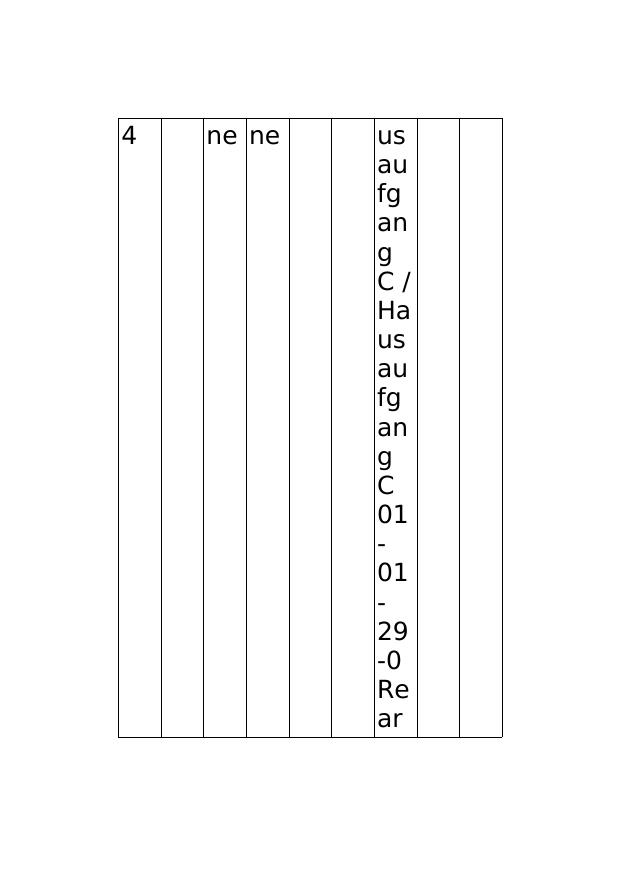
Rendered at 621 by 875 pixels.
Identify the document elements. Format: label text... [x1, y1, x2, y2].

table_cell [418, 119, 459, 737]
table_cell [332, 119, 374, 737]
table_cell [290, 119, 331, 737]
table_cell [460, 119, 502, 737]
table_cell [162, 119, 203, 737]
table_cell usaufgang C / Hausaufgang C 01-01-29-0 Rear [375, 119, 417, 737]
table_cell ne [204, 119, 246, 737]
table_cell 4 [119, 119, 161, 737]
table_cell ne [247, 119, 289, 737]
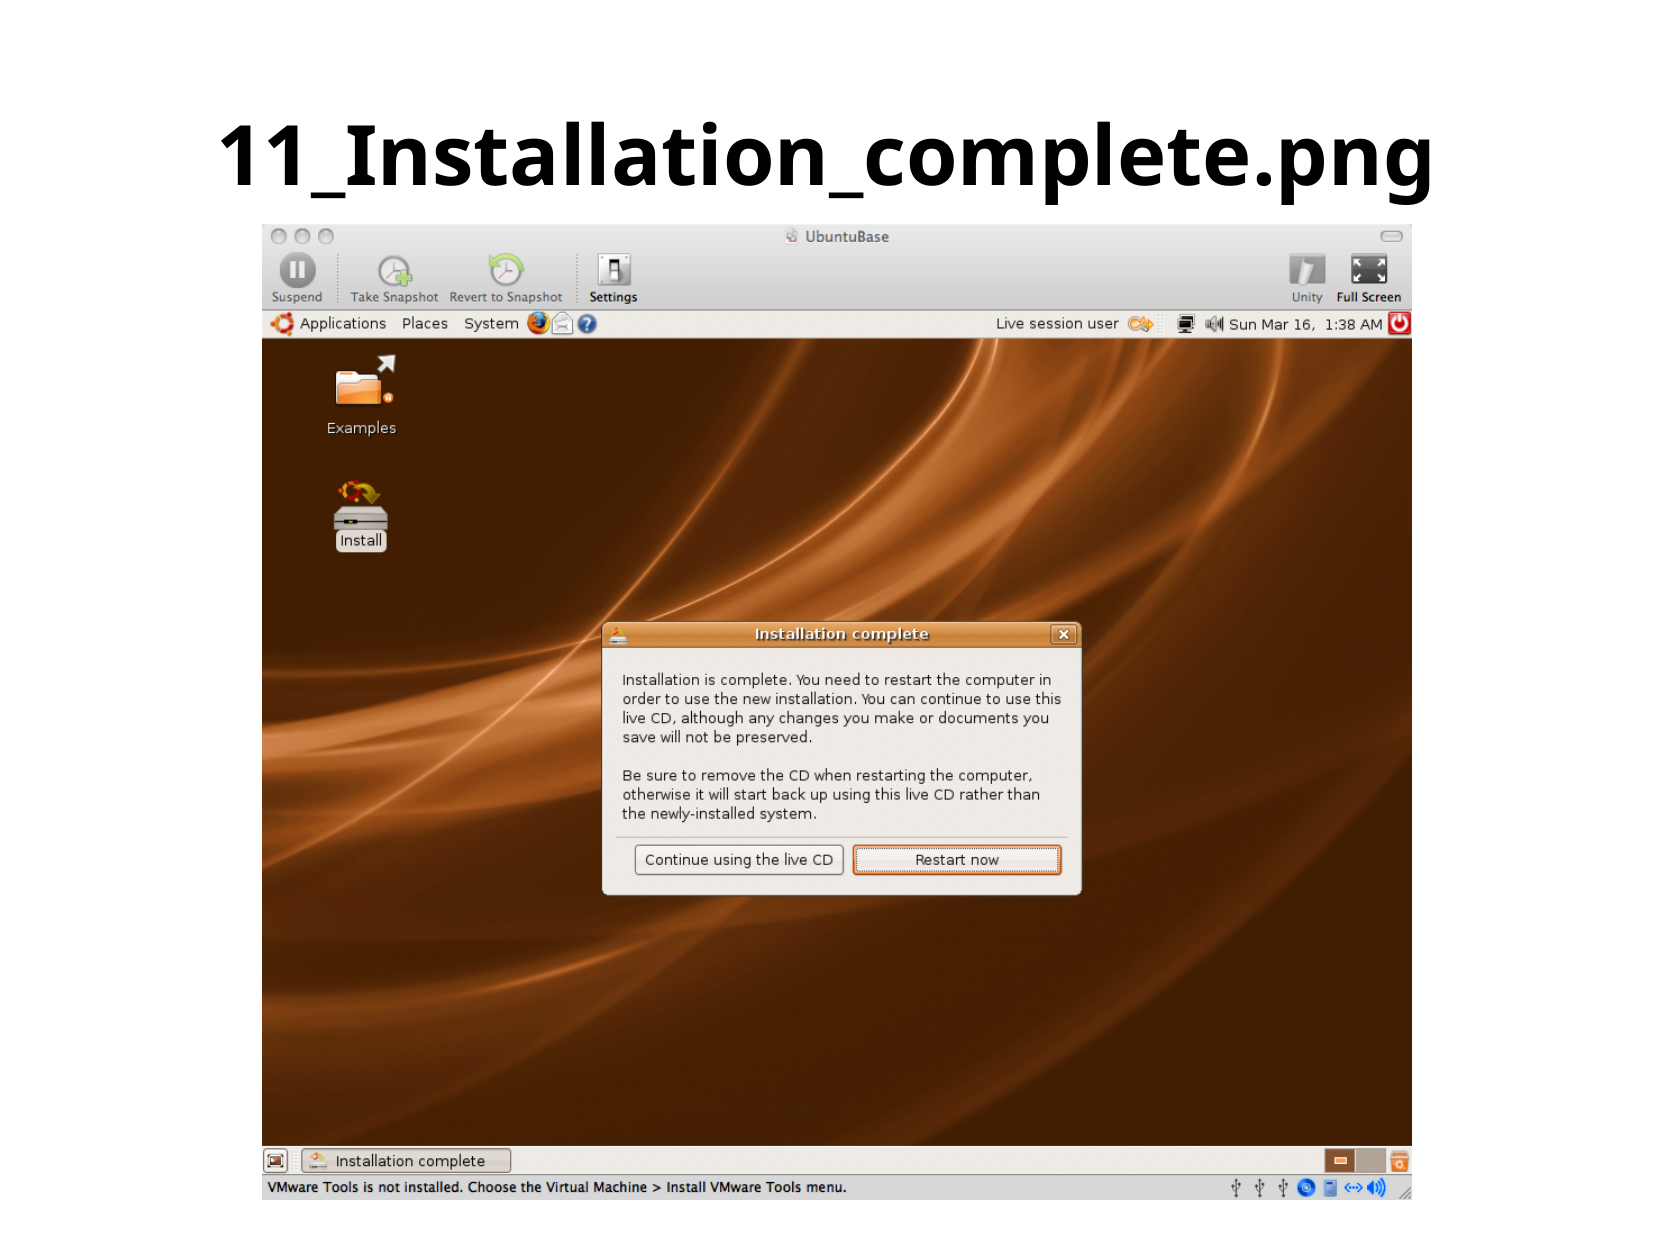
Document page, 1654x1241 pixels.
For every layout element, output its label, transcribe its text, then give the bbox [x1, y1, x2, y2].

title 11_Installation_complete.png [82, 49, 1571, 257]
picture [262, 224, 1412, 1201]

════

- [Your objective]:
Wherever a picture appears in the data, please drop it and retype the rest exactly.

- [Answer below]:
Rendered at 621 by 875 pixels.
Identify the document elements. Format: label text... [x1, y1, x2, y2].

table_cell [418, 119, 459, 737]
table_cell [332, 119, 374, 737]
table_cell [290, 119, 331, 737]
table_cell [460, 119, 502, 737]
table_cell [162, 119, 203, 737]
table_cell usaufgang C / Hausaufgang C 01-01-29-0 Rear [375, 119, 417, 737]
table_cell ne [204, 119, 246, 737]
table_cell 4 [119, 119, 161, 737]
table_cell ne [247, 119, 289, 737]
Document page, 1654x1241 pixels.
For every layout element, output its label, transcribe its text, then give the bbox [x1, y1, x2, y2].

title 11_Installation_complete.png [82, 49, 1571, 257]
picture [262, 224, 1412, 1201]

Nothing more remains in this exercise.